*** LISTED RECORDS

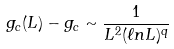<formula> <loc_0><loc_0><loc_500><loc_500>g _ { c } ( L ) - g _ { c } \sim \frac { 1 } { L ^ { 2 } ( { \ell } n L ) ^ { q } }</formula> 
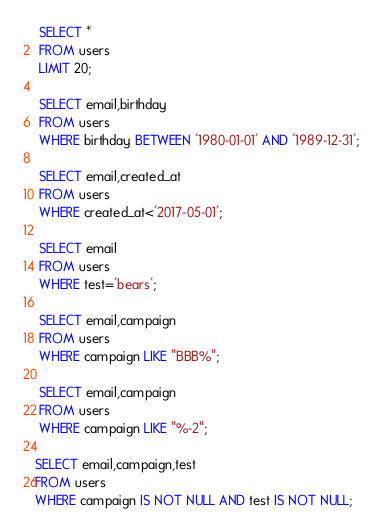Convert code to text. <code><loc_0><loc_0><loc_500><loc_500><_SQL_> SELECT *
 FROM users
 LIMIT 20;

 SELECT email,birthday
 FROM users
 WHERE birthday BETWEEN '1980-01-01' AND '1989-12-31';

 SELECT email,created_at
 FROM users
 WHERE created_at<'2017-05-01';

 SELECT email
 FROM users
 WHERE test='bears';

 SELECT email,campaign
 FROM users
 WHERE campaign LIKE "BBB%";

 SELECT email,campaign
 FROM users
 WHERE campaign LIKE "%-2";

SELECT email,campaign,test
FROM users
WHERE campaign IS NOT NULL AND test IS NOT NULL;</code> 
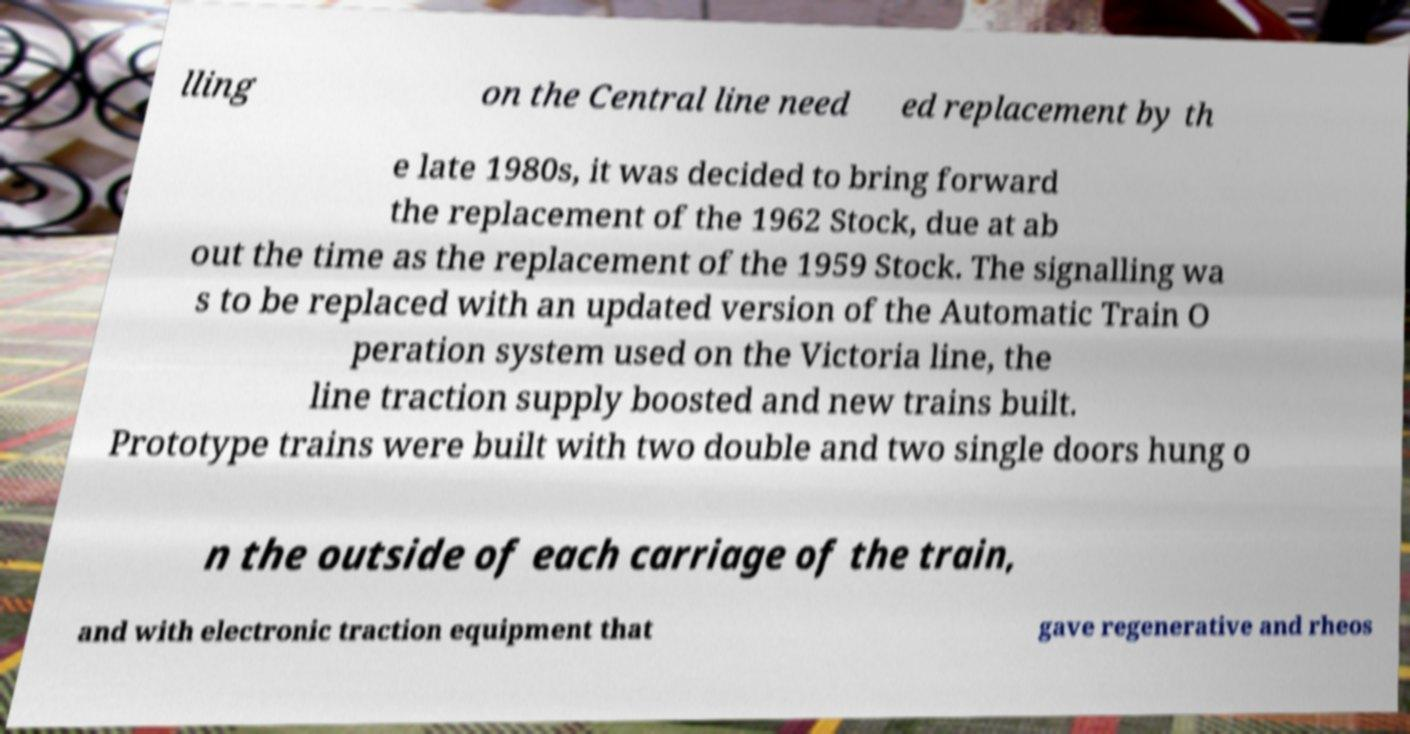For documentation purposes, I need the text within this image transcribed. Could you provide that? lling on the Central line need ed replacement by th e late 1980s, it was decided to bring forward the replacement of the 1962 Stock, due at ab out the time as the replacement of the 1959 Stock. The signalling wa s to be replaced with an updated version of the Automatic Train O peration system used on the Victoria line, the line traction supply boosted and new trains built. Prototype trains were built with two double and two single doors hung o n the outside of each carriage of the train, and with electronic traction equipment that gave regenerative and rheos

******
*** LISTED RECORDS

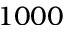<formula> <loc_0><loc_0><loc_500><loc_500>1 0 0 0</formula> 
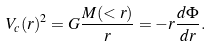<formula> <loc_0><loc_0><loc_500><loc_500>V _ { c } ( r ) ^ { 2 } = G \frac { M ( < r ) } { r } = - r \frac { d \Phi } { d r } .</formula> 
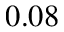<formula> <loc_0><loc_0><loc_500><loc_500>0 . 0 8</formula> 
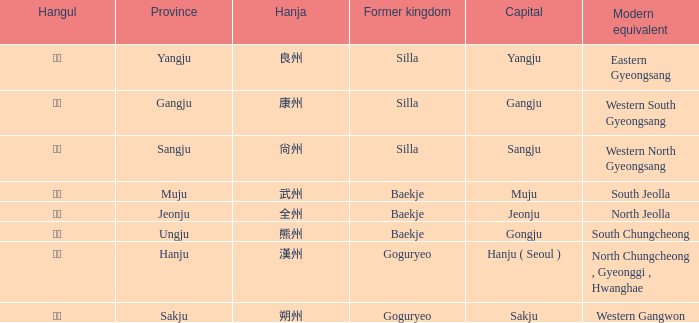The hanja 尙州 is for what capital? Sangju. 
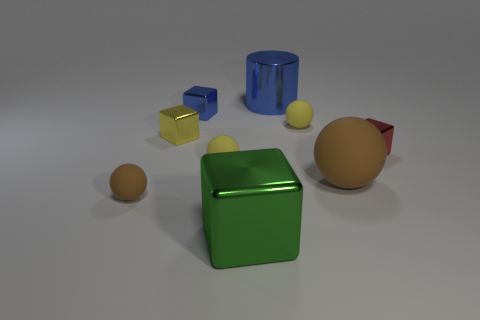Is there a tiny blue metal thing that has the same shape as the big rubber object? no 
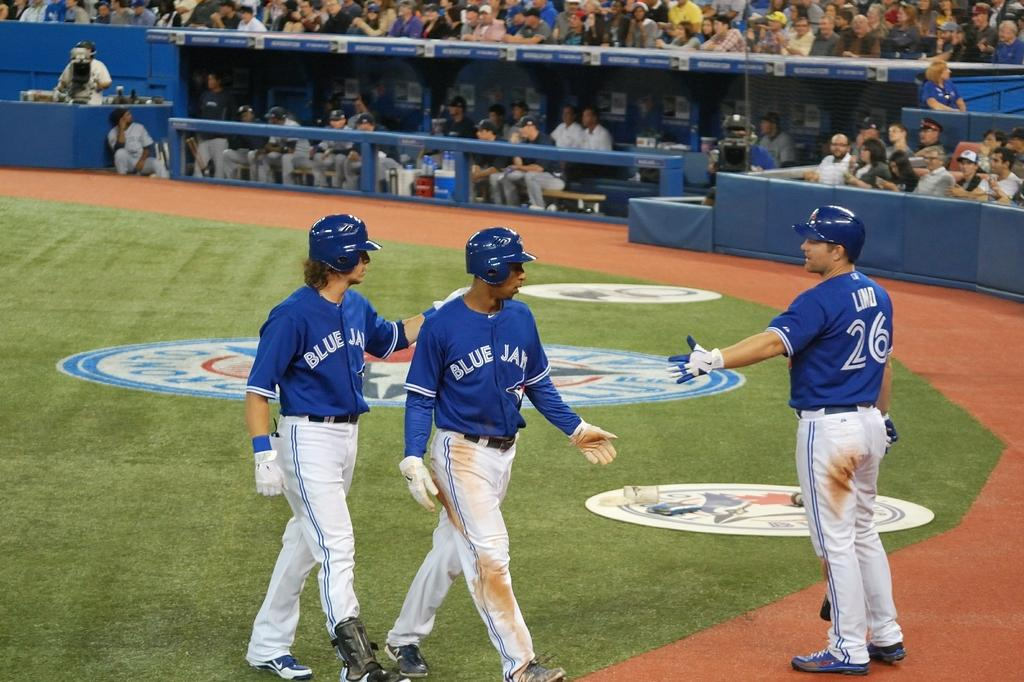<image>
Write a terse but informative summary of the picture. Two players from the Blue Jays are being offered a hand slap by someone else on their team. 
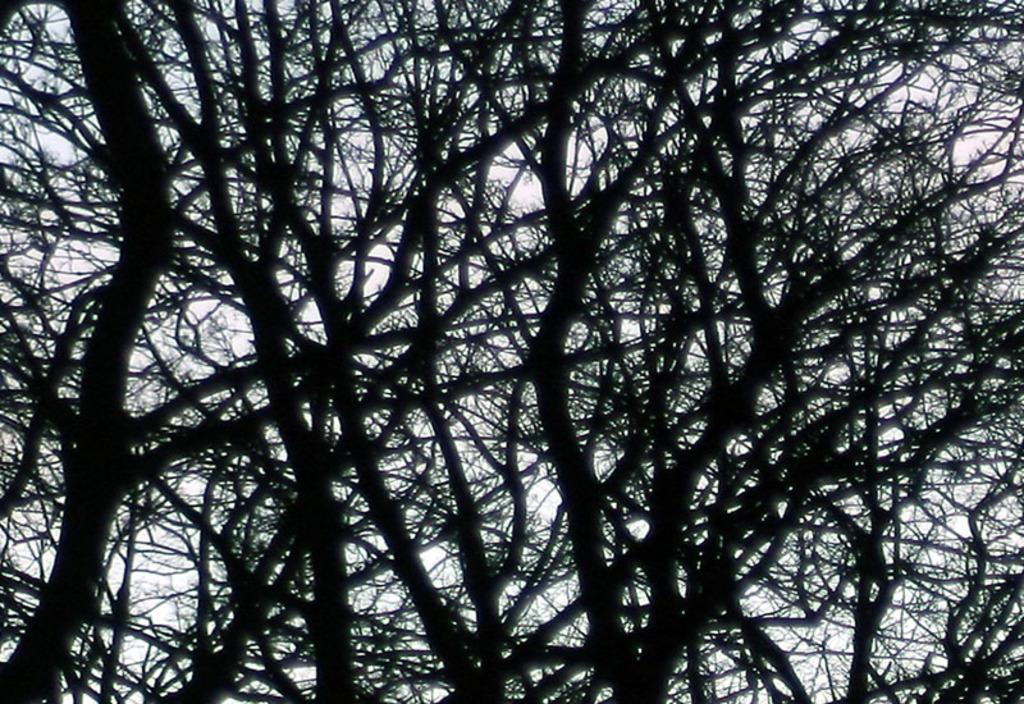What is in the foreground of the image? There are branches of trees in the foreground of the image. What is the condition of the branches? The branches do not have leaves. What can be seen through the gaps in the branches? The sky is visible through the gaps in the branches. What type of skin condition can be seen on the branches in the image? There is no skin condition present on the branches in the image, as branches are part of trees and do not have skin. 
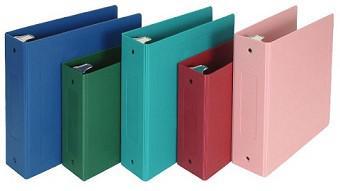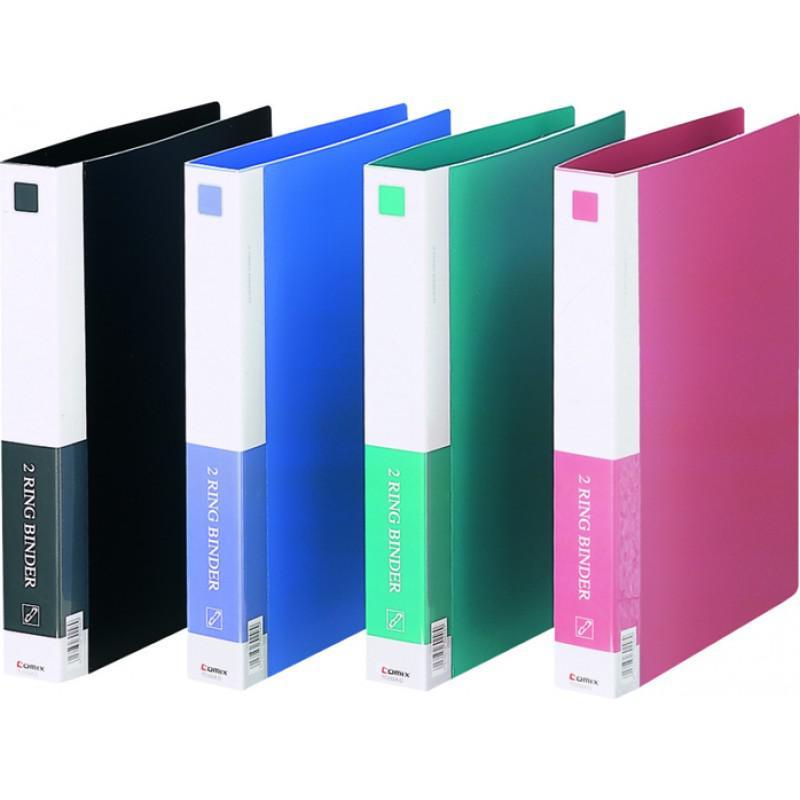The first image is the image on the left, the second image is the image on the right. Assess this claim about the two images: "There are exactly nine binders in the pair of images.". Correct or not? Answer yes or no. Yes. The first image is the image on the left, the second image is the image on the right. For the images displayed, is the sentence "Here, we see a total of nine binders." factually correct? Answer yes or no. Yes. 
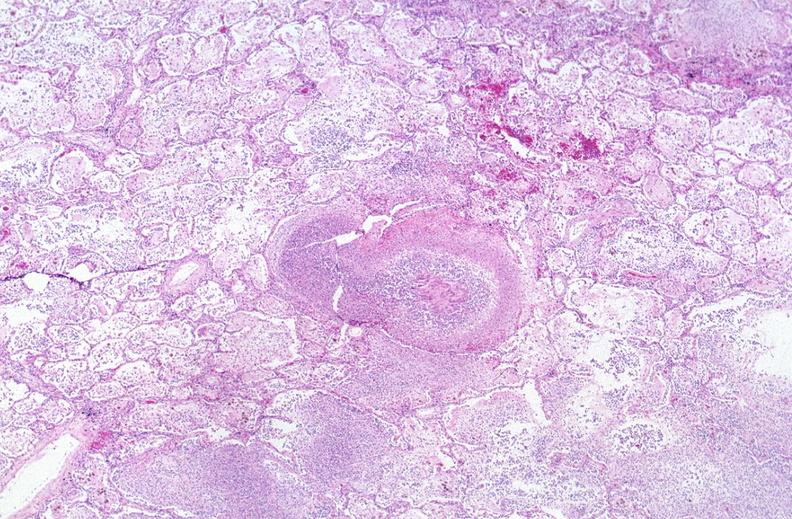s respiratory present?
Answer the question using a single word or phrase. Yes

******

◆ WHAT YOU SHOULD DO ◆
Among the lines above, repeat exactly those from the line with "WHERE test='bears';" to the line with "WHERE campaign IS", counting both ends.

◆ REPLY ◆
 WHERE test='bears';

 SELECT email,campaign
 FROM users
 WHERE campaign LIKE "BBB%";

 SELECT email,campaign
 FROM users
 WHERE campaign LIKE "%-2";

SELECT email,campaign,test
FROM users
WHERE campaign IS NOT NULL AND test IS NOT NULL;</code> 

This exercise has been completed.